_Dataset:_
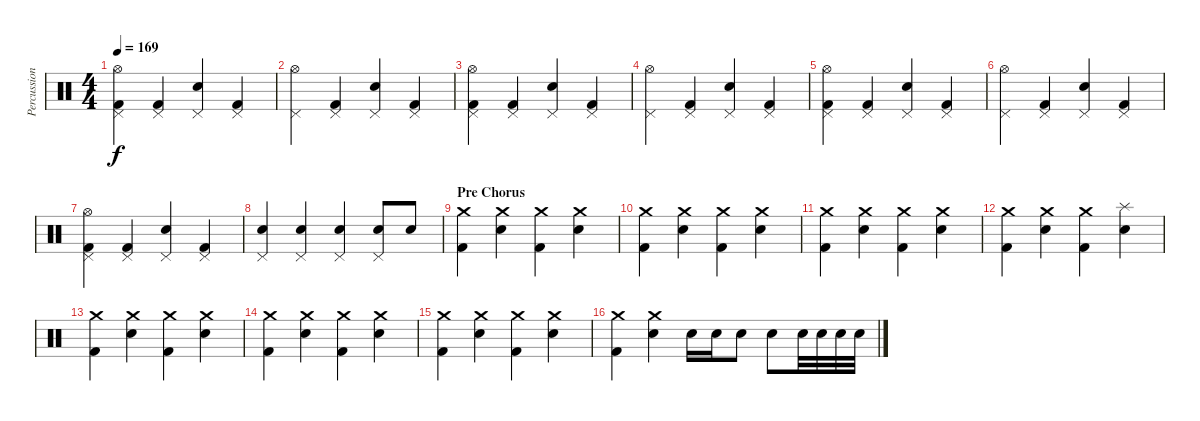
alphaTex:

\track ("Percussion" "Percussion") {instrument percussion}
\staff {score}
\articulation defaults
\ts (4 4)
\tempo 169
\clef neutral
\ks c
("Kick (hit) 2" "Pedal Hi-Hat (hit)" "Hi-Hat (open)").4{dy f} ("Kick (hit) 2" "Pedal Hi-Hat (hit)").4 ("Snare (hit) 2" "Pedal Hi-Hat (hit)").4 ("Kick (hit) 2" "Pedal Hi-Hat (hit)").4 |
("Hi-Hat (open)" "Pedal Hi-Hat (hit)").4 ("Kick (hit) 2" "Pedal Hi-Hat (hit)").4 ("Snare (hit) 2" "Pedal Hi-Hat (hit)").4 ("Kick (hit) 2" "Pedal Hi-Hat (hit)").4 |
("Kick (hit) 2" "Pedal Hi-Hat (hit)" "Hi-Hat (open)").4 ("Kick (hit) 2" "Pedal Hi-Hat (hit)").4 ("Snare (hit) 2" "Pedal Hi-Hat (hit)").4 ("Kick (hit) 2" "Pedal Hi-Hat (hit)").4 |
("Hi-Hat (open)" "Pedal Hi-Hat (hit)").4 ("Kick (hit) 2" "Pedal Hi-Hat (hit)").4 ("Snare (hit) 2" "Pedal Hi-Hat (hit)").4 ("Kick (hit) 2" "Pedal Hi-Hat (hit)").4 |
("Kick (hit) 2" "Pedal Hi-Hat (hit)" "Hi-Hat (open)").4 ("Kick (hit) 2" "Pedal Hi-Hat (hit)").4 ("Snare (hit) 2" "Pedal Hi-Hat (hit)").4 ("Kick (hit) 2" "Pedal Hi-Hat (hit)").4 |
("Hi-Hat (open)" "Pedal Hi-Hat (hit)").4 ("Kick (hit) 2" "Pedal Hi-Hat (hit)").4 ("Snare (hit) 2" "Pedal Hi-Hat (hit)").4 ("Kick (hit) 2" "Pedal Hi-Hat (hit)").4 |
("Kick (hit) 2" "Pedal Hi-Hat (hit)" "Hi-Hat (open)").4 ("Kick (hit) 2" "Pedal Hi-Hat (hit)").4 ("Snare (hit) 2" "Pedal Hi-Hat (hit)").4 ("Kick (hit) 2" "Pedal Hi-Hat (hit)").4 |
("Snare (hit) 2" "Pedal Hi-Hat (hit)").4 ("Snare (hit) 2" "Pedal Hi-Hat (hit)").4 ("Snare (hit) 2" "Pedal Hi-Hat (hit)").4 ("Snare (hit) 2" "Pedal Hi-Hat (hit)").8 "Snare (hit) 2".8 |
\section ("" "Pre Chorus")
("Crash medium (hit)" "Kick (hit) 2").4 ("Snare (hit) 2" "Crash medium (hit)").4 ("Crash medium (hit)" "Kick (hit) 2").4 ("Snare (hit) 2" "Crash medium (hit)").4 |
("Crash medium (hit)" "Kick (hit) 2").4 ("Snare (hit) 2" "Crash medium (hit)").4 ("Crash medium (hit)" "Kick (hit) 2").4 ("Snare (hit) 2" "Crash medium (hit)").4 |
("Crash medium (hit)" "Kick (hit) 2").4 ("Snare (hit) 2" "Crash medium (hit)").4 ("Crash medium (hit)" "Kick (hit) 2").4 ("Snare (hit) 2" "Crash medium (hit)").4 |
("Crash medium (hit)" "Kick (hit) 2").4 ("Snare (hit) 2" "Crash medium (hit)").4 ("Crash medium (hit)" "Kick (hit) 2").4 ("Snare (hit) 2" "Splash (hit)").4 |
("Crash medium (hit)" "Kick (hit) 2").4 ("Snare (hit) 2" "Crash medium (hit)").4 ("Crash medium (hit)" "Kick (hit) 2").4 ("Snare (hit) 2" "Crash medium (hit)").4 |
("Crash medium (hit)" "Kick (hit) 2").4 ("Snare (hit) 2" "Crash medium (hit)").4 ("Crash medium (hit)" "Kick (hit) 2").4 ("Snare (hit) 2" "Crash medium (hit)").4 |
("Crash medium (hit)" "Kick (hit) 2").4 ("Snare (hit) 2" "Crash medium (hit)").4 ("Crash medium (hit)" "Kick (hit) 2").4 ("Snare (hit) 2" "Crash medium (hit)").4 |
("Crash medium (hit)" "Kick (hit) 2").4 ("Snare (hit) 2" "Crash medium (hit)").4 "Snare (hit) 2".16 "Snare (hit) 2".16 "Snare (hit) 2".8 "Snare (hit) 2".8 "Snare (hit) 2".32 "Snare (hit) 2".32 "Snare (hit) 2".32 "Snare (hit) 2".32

_Task directions:_ Write out the material exactly, excluding pictures.

_Task answer:_
alphaTex:

\track ("Percussion" "Percussion") {instrument percussion}
\staff {score}
\articulation defaults
\ts (4 4)
\tempo 169
\clef neutral
\ks c
("Kick (hit) 2" "Pedal Hi-Hat (hit)" "Hi-Hat (open)").4{dy f} ("Kick (hit) 2" "Pedal Hi-Hat (hit)").4 ("Snare (hit) 2" "Pedal Hi-Hat (hit)").4 ("Kick (hit) 2" "Pedal Hi-Hat (hit)").4 |
("Hi-Hat (open)" "Pedal Hi-Hat (hit)").4 ("Kick (hit) 2" "Pedal Hi-Hat (hit)").4 ("Snare (hit) 2" "Pedal Hi-Hat (hit)").4 ("Kick (hit) 2" "Pedal Hi-Hat (hit)").4 |
("Kick (hit) 2" "Pedal Hi-Hat (hit)" "Hi-Hat (open)").4 ("Kick (hit) 2" "Pedal Hi-Hat (hit)").4 ("Snare (hit) 2" "Pedal Hi-Hat (hit)").4 ("Kick (hit) 2" "Pedal Hi-Hat (hit)").4 |
("Hi-Hat (open)" "Pedal Hi-Hat (hit)").4 ("Kick (hit) 2" "Pedal Hi-Hat (hit)").4 ("Snare (hit) 2" "Pedal Hi-Hat (hit)").4 ("Kick (hit) 2" "Pedal Hi-Hat (hit)").4 |
("Kick (hit) 2" "Pedal Hi-Hat (hit)" "Hi-Hat (open)").4 ("Kick (hit) 2" "Pedal Hi-Hat (hit)").4 ("Snare (hit) 2" "Pedal Hi-Hat (hit)").4 ("Kick (hit) 2" "Pedal Hi-Hat (hit)").4 |
("Hi-Hat (open)" "Pedal Hi-Hat (hit)").4 ("Kick (hit) 2" "Pedal Hi-Hat (hit)").4 ("Snare (hit) 2" "Pedal Hi-Hat (hit)").4 ("Kick (hit) 2" "Pedal Hi-Hat (hit)").4 |
("Kick (hit) 2" "Pedal Hi-Hat (hit)" "Hi-Hat (open)").4 ("Kick (hit) 2" "Pedal Hi-Hat (hit)").4 ("Snare (hit) 2" "Pedal Hi-Hat (hit)").4 ("Kick (hit) 2" "Pedal Hi-Hat (hit)").4 |
("Snare (hit) 2" "Pedal Hi-Hat (hit)").4 ("Snare (hit) 2" "Pedal Hi-Hat (hit)").4 ("Snare (hit) 2" "Pedal Hi-Hat (hit)").4 ("Snare (hit) 2" "Pedal Hi-Hat (hit)").8 "Snare (hit) 2".8 |
\section ("" "Pre Chorus")
("Crash medium (hit)" "Kick (hit) 2").4 ("Snare (hit) 2" "Crash medium (hit)").4 ("Crash medium (hit)" "Kick (hit) 2").4 ("Snare (hit) 2" "Crash medium (hit)").4 |
("Crash medium (hit)" "Kick (hit) 2").4 ("Snare (hit) 2" "Crash medium (hit)").4 ("Crash medium (hit)" "Kick (hit) 2").4 ("Snare (hit) 2" "Crash medium (hit)").4 |
("Crash medium (hit)" "Kick (hit) 2").4 ("Snare (hit) 2" "Crash medium (hit)").4 ("Crash medium (hit)" "Kick (hit) 2").4 ("Snare (hit) 2" "Crash medium (hit)").4 |
("Crash medium (hit)" "Kick (hit) 2").4 ("Snare (hit) 2" "Crash medium (hit)").4 ("Crash medium (hit)" "Kick (hit) 2").4 ("Snare (hit) 2" "Splash (hit)").4 |
("Crash medium (hit)" "Kick (hit) 2").4 ("Snare (hit) 2" "Crash medium (hit)").4 ("Crash medium (hit)" "Kick (hit) 2").4 ("Snare (hit) 2" "Crash medium (hit)").4 |
("Crash medium (hit)" "Kick (hit) 2").4 ("Snare (hit) 2" "Crash medium (hit)").4 ("Crash medium (hit)" "Kick (hit) 2").4 ("Snare (hit) 2" "Crash medium (hit)").4 |
("Crash medium (hit)" "Kick (hit) 2").4 ("Snare (hit) 2" "Crash medium (hit)").4 ("Crash medium (hit)" "Kick (hit) 2").4 ("Snare (hit) 2" "Crash medium (hit)").4 |
("Crash medium (hit)" "Kick (hit) 2").4 ("Snare (hit) 2" "Crash medium (hit)").4 "Snare (hit) 2".16 "Snare (hit) 2".16 "Snare (hit) 2".8 "Snare (hit) 2".8 "Snare (hit) 2".32 "Snare (hit) 2".32 "Snare (hit) 2".32 "Snare (hit) 2".32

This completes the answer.